Zodchii
- Zodchii Vol. 5, No. 1 (1876)
- Editor: Ivan Merts
- Editor: Nicolas de Rochefort
- Editor: Leon Benois
- Editor: Victor Ewald
- Categories: Architecture
- Frequency: Monthly 1872-1881; bi-monthly 1882; 2 issues 1883; single special issue in 1884; monthly 1885 through 1891; weekly 1902-1917; monthly January-February 1918; publication suspended March 1918-1923; single issue in 1924
- Founded: 1872
- Final issue: 1924
- Country: Russian Empire, Soviet Union
- Based in: Saint Petersburg / Petrograd / Leningrad
- Language: Russian

= Zodchii =

Former Russian architectural periodical

Zodchii (Зодчий, pre-1918 spelling: Зодчій) was a Russian architectural periodical published in Saint Petersburg from 1872 to 1924.

==History==
Zodchii was the official organ of the Saint Petersburg (later: Petrograd) Society of Architects and was an important pre-revolutionary Russian architectural periodical. First published in 1872, it appeared monthly (between 1902 and December 1917 weekly) through February 1918. A single issue followed in 1924. A weekly supplement, Nedelia Stroitelia (Builders' Weekly), was published from 1881 until 1903.

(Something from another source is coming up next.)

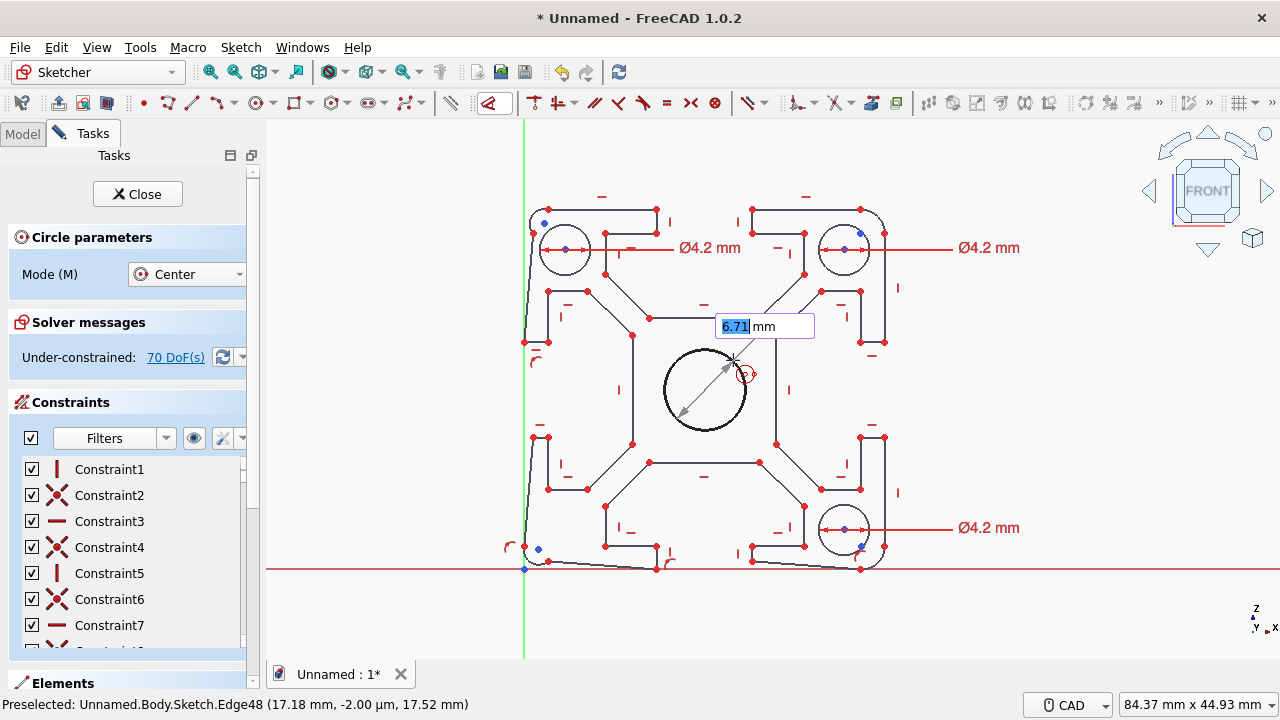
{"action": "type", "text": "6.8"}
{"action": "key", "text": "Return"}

Zodchii published articles on architecture, the history of architecture, and construction technology, book and exhibitions reviews, reports on professional meetings of the Society of Architects, as well as "information on technical innovations in Western Europe and the United States." Since 1872, it ran a regular column on construction in the United States.

==Editors==
Among the editors of Zodchii were the engineers and architects Ivan Merts (from 1872 to 1875), Nicolas de Rochefort (from 1878 to 1881), and Leon Benois (from 1892 to 1895), and the engineer, architect, cellist, and composer Victor Ewald (from 1910 to 1924).